Dos novelas por las que todavía hoy se recuerda a Nikolái Gógol —si bien yo añadiría también Historias de San Petersburgo como imprescindible para entender su obra— y completamente diferentes entre sí. Si Almas muertas es sin lugar a dudas la gran novela de Gógol, considerada por muchos críticos a la altura de El Quijote o la Divina Comedia, ya fuera por lo original de su propuesta, un mercader, Chichikov, que compra el alma de los siervos muertos para que los terratenientes pudieran inscribirlos en el registro como bienes activos, o por lo innovador, valiente incluso, de su escritura al tratarse de una sátira burlesca de todo un sistema en crisis como era el de la Rusia anterior a la emancipación de los siervos, y un estilo donde se alternan una increíble maestría descriptiva con una libertad absoluta a la hora de enfrentarse a la previsible estructura del texto según los cánones de la época, su segunda novela más conocida, Tarás Bulba, es todo lo contrario, una novela histórica bastante formal, prácticamente un folletín, con el claro objetivo de convertirse en un gran éxito de público, ni más ni menos que aquello de lo que estaba más necesitado Gógol una vez tomada la decisión de dedicarse profesionalmente a la escritura en exclusiva.

Sin embargo, Tarás Bulba es también la razón por la que todavía hoy en día se pelean dos naciones como Rusia y Ucrania, empeñadas cada una de ellas en apropiarse del nombre de Nikolái Gógol para su panteón de glorias patrias.

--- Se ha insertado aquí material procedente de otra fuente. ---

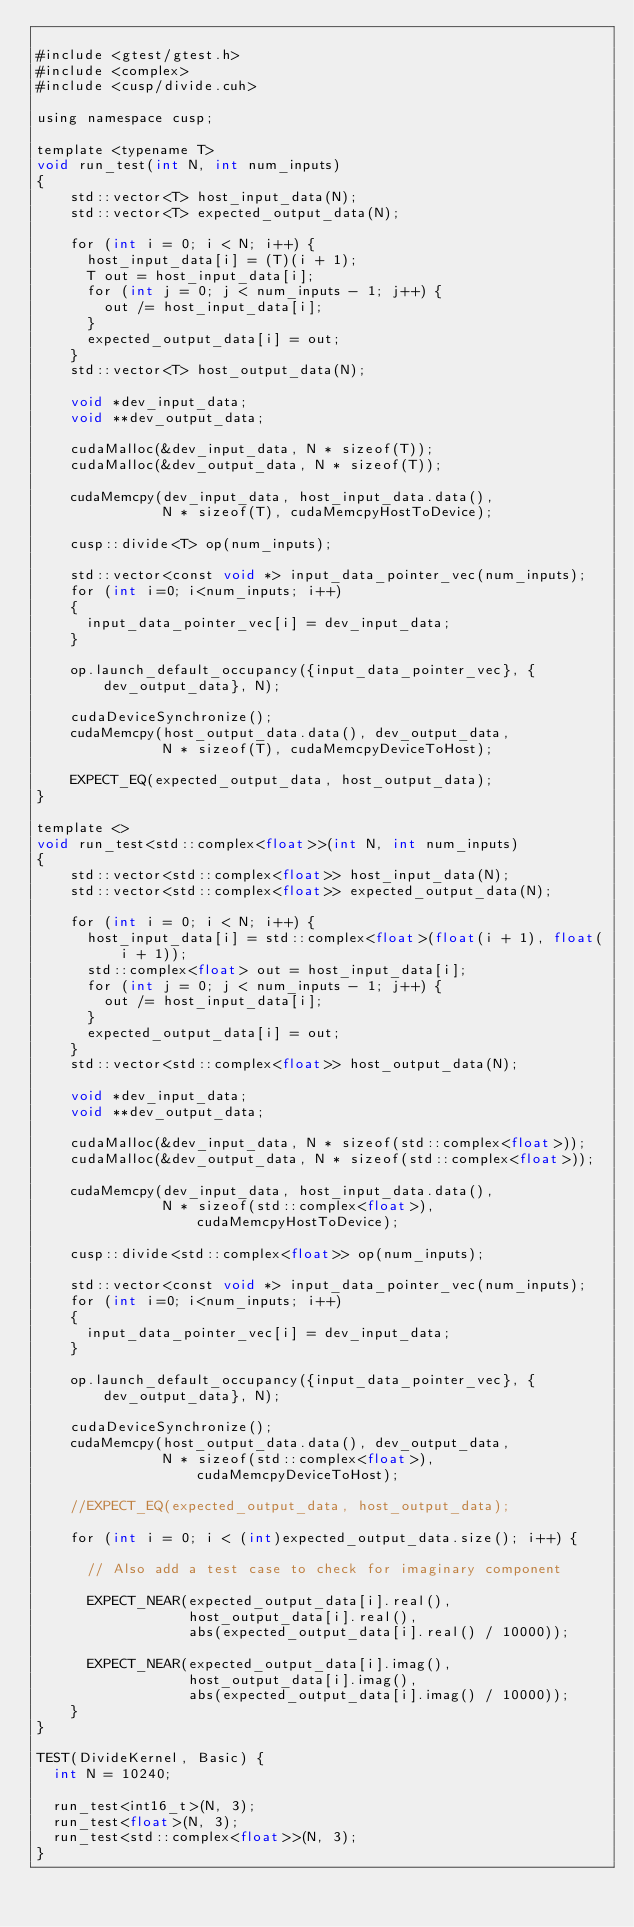Convert code to text. <code><loc_0><loc_0><loc_500><loc_500><_Cuda_>
#include <gtest/gtest.h>
#include <complex>
#include <cusp/divide.cuh>

using namespace cusp;

template <typename T> 
void run_test(int N, int num_inputs)
{
    std::vector<T> host_input_data(N);
    std::vector<T> expected_output_data(N);

    for (int i = 0; i < N; i++) {
      host_input_data[i] = (T)(i + 1);
      T out = host_input_data[i];
      for (int j = 0; j < num_inputs - 1; j++) {
        out /= host_input_data[i];
      }
      expected_output_data[i] = out;
    }
    std::vector<T> host_output_data(N);
  
    void *dev_input_data;
    void **dev_output_data;
  
    cudaMalloc(&dev_input_data, N * sizeof(T));
    cudaMalloc(&dev_output_data, N * sizeof(T));

    cudaMemcpy(dev_input_data, host_input_data.data(),
               N * sizeof(T), cudaMemcpyHostToDevice);
  
    cusp::divide<T> op(num_inputs);

    std::vector<const void *> input_data_pointer_vec(num_inputs);
    for (int i=0; i<num_inputs; i++)
    {
      input_data_pointer_vec[i] = dev_input_data;
    }

    op.launch_default_occupancy({input_data_pointer_vec}, {dev_output_data}, N);
  
    cudaDeviceSynchronize();
    cudaMemcpy(host_output_data.data(), dev_output_data,
               N * sizeof(T), cudaMemcpyDeviceToHost);
  
    EXPECT_EQ(expected_output_data, host_output_data);
}

template <> 
void run_test<std::complex<float>>(int N, int num_inputs)
{
    std::vector<std::complex<float>> host_input_data(N);
    std::vector<std::complex<float>> expected_output_data(N);

    for (int i = 0; i < N; i++) {
      host_input_data[i] = std::complex<float>(float(i + 1), float(i + 1));
      std::complex<float> out = host_input_data[i];
      for (int j = 0; j < num_inputs - 1; j++) {
        out /= host_input_data[i];
      }
      expected_output_data[i] = out;
    }
    std::vector<std::complex<float>> host_output_data(N);
  
    void *dev_input_data;
    void **dev_output_data;
  
    cudaMalloc(&dev_input_data, N * sizeof(std::complex<float>));
    cudaMalloc(&dev_output_data, N * sizeof(std::complex<float>));

    cudaMemcpy(dev_input_data, host_input_data.data(),
               N * sizeof(std::complex<float>), cudaMemcpyHostToDevice);
  
    cusp::divide<std::complex<float>> op(num_inputs);

    std::vector<const void *> input_data_pointer_vec(num_inputs);
    for (int i=0; i<num_inputs; i++)
    {
      input_data_pointer_vec[i] = dev_input_data;
    }

    op.launch_default_occupancy({input_data_pointer_vec}, {dev_output_data}, N);
  
    cudaDeviceSynchronize();
    cudaMemcpy(host_output_data.data(), dev_output_data,
               N * sizeof(std::complex<float>), cudaMemcpyDeviceToHost);
  
    //EXPECT_EQ(expected_output_data, host_output_data);

    for (int i = 0; i < (int)expected_output_data.size(); i++) {

      // Also add a test case to check for imaginary component

      EXPECT_NEAR(expected_output_data[i].real(),
                  host_output_data[i].real(),
                  abs(expected_output_data[i].real() / 10000));

      EXPECT_NEAR(expected_output_data[i].imag(),
                  host_output_data[i].imag(),
                  abs(expected_output_data[i].imag() / 10000));
    }
}

TEST(DivideKernel, Basic) {
  int N = 10240;

  run_test<int16_t>(N, 3);
  run_test<float>(N, 3);
  run_test<std::complex<float>>(N, 3);
}</code>

Y por eso mismo también, por lo ridículo de esta pugna para determinar si Gógol fue un escritor más ruso que ucraniano o a la inversa, una pugna que alcanzó su más altas cotas de sinrazón durante el bicentésimo aniversario del nacimiento del gran escritor en 2009 al enzarzarse tanto las autoridades rusas como las ucranianas en una disputa acerca de a quién pertenecía la gloria antes citada, Tarás Bulba resulta fundamental, si no para entender en su totalidad el conflicto identitario que enfrenta a rusos y ucranianos, sí al menos para acercarse a las raíces de éste.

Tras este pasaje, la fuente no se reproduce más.